(Items from a dataset)
--*--

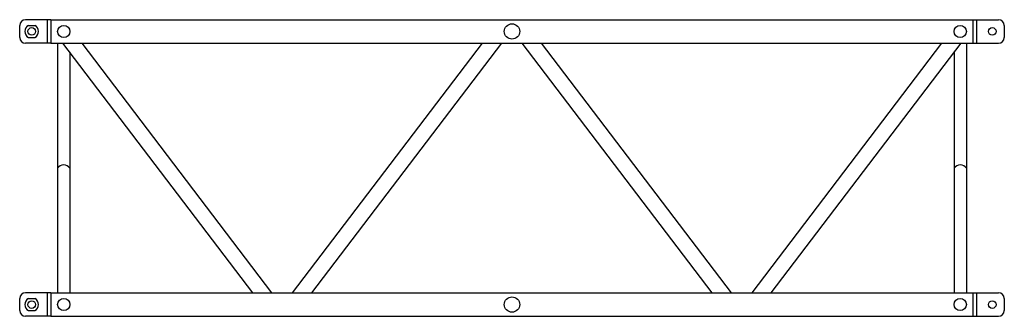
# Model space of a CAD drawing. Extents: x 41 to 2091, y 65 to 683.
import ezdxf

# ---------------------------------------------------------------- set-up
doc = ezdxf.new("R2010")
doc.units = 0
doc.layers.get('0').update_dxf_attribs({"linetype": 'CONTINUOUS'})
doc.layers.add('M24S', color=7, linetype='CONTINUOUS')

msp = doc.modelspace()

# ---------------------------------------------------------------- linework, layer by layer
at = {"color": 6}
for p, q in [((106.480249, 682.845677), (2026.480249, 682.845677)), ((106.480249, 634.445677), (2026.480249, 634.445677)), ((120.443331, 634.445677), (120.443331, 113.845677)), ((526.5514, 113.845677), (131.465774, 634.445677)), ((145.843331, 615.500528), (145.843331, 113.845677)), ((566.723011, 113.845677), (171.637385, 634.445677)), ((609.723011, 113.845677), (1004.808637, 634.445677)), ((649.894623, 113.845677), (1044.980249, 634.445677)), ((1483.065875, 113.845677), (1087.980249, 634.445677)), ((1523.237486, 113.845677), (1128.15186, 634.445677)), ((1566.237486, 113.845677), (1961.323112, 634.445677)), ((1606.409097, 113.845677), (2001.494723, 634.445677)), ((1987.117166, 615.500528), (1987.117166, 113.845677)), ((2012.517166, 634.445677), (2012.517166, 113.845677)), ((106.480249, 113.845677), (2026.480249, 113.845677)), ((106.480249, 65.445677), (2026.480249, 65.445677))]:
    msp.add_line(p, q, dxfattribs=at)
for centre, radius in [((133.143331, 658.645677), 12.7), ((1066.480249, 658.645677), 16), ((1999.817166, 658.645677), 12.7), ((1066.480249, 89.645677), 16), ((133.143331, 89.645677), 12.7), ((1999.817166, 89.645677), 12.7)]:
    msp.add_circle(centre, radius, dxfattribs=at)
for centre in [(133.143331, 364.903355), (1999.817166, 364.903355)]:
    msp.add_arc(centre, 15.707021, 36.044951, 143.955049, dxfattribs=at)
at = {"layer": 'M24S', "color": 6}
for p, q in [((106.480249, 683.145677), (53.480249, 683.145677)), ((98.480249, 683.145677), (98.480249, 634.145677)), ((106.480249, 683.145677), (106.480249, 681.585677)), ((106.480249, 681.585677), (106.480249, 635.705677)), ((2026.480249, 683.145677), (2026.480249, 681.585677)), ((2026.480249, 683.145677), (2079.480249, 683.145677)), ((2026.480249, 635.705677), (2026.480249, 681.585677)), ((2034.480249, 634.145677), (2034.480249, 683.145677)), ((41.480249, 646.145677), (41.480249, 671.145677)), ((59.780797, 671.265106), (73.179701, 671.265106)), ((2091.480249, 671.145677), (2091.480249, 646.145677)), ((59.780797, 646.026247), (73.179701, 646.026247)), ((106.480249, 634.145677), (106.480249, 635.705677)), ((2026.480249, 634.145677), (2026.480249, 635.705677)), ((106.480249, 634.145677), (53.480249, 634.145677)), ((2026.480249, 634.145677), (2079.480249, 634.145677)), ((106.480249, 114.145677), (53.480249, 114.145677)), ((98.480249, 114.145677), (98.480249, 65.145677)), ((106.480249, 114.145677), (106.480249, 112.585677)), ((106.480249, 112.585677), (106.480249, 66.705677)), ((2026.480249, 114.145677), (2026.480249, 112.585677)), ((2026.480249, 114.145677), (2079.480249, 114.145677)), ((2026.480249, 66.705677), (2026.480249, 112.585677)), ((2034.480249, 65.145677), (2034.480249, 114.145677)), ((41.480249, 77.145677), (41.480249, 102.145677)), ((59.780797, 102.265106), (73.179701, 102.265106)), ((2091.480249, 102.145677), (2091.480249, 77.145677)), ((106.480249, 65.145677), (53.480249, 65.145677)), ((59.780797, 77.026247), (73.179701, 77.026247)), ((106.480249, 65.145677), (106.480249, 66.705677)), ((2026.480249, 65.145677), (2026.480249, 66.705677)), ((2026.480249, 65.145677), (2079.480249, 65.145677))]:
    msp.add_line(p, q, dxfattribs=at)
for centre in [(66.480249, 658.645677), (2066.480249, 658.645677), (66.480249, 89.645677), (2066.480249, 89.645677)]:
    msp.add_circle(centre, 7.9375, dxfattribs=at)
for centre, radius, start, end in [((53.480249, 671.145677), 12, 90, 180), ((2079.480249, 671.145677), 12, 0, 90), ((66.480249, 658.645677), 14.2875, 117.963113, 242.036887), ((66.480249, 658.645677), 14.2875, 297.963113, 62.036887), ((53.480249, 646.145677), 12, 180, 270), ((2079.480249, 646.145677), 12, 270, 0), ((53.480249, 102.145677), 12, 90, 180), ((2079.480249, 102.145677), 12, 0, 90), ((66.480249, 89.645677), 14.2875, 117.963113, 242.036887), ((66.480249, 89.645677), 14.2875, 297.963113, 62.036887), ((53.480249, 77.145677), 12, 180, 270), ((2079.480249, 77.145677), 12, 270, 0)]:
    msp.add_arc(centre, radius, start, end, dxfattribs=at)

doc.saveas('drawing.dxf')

--*--

> [WORK ITEM]: Could you output every record above exactly as written, leaving out the pictures?

> [OUTPUT OF THE EXERCISE]:
# Model space of a CAD drawing. Extents: x 41 to 2091, y 65 to 683.
import ezdxf

# ---------------------------------------------------------------- set-up
doc = ezdxf.new("R2010")
doc.units = 0
doc.layers.get('0').update_dxf_attribs({"linetype": 'CONTINUOUS'})
doc.layers.add('M24S', color=7, linetype='CONTINUOUS')

msp = doc.modelspace()

# ---------------------------------------------------------------- linework, layer by layer
at = {"color": 6}
for p, q in [((106.480249, 682.845677), (2026.480249, 682.845677)), ((106.480249, 634.445677), (2026.480249, 634.445677)), ((120.443331, 634.445677), (120.443331, 113.845677)), ((526.5514, 113.845677), (131.465774, 634.445677)), ((145.843331, 615.500528), (145.843331, 113.845677)), ((566.723011, 113.845677), (171.637385, 634.445677)), ((609.723011, 113.845677), (1004.808637, 634.445677)), ((649.894623, 113.845677), (1044.980249, 634.445677)), ((1483.065875, 113.845677), (1087.980249, 634.445677)), ((1523.237486, 113.845677), (1128.15186, 634.445677)), ((1566.237486, 113.845677), (1961.323112, 634.445677)), ((1606.409097, 113.845677), (2001.494723, 634.445677)), ((1987.117166, 615.500528), (1987.117166, 113.845677)), ((2012.517166, 634.445677), (2012.517166, 113.845677)), ((106.480249, 113.845677), (2026.480249, 113.845677)), ((106.480249, 65.445677), (2026.480249, 65.445677))]:
    msp.add_line(p, q, dxfattribs=at)
for centre, radius in [((133.143331, 658.645677), 12.7), ((1066.480249, 658.645677), 16), ((1999.817166, 658.645677), 12.7), ((1066.480249, 89.645677), 16), ((133.143331, 89.645677), 12.7), ((1999.817166, 89.645677), 12.7)]:
    msp.add_circle(centre, radius, dxfattribs=at)
for centre in [(133.143331, 364.903355), (1999.817166, 364.903355)]:
    msp.add_arc(centre, 15.707021, 36.044951, 143.955049, dxfattribs=at)
at = {"layer": 'M24S', "color": 6}
for p, q in [((106.480249, 683.145677), (53.480249, 683.145677)), ((98.480249, 683.145677), (98.480249, 634.145677)), ((106.480249, 683.145677), (106.480249, 681.585677)), ((106.480249, 681.585677), (106.480249, 635.705677)), ((2026.480249, 683.145677), (2026.480249, 681.585677)), ((2026.480249, 683.145677), (2079.480249, 683.145677)), ((2026.480249, 635.705677), (2026.480249, 681.585677)), ((2034.480249, 634.145677), (2034.480249, 683.145677)), ((41.480249, 646.145677), (41.480249, 671.145677)), ((59.780797, 671.265106), (73.179701, 671.265106)), ((2091.480249, 671.145677), (2091.480249, 646.145677)), ((59.780797, 646.026247), (73.179701, 646.026247)), ((106.480249, 634.145677), (106.480249, 635.705677)), ((2026.480249, 634.145677), (2026.480249, 635.705677)), ((106.480249, 634.145677), (53.480249, 634.145677)), ((2026.480249, 634.145677), (2079.480249, 634.145677)), ((106.480249, 114.145677), (53.480249, 114.145677)), ((98.480249, 114.145677), (98.480249, 65.145677)), ((106.480249, 114.145677), (106.480249, 112.585677)), ((106.480249, 112.585677), (106.480249, 66.705677)), ((2026.480249, 114.145677), (2026.480249, 112.585677)), ((2026.480249, 114.145677), (2079.480249, 114.145677)), ((2026.480249, 66.705677), (2026.480249, 112.585677)), ((2034.480249, 65.145677), (2034.480249, 114.145677)), ((41.480249, 77.145677), (41.480249, 102.145677)), ((59.780797, 102.265106), (73.179701, 102.265106)), ((2091.480249, 102.145677), (2091.480249, 77.145677)), ((106.480249, 65.145677), (53.480249, 65.145677)), ((59.780797, 77.026247), (73.179701, 77.026247)), ((106.480249, 65.145677), (106.480249, 66.705677)), ((2026.480249, 65.145677), (2026.480249, 66.705677)), ((2026.480249, 65.145677), (2079.480249, 65.145677))]:
    msp.add_line(p, q, dxfattribs=at)
for centre in [(66.480249, 658.645677), (2066.480249, 658.645677), (66.480249, 89.645677), (2066.480249, 89.645677)]:
    msp.add_circle(centre, 7.9375, dxfattribs=at)
for centre, radius, start, end in [((53.480249, 671.145677), 12, 90, 180), ((2079.480249, 671.145677), 12, 0, 90), ((66.480249, 658.645677), 14.2875, 117.963113, 242.036887), ((66.480249, 658.645677), 14.2875, 297.963113, 62.036887), ((53.480249, 646.145677), 12, 180, 270), ((2079.480249, 646.145677), 12, 270, 0), ((53.480249, 102.145677), 12, 90, 180), ((2079.480249, 102.145677), 12, 0, 90), ((66.480249, 89.645677), 14.2875, 117.963113, 242.036887), ((66.480249, 89.645677), 14.2875, 297.963113, 62.036887), ((53.480249, 77.145677), 12, 180, 270), ((2079.480249, 77.145677), 12, 270, 0)]:
    msp.add_arc(centre, radius, start, end, dxfattribs=at)

doc.saveas('drawing.dxf')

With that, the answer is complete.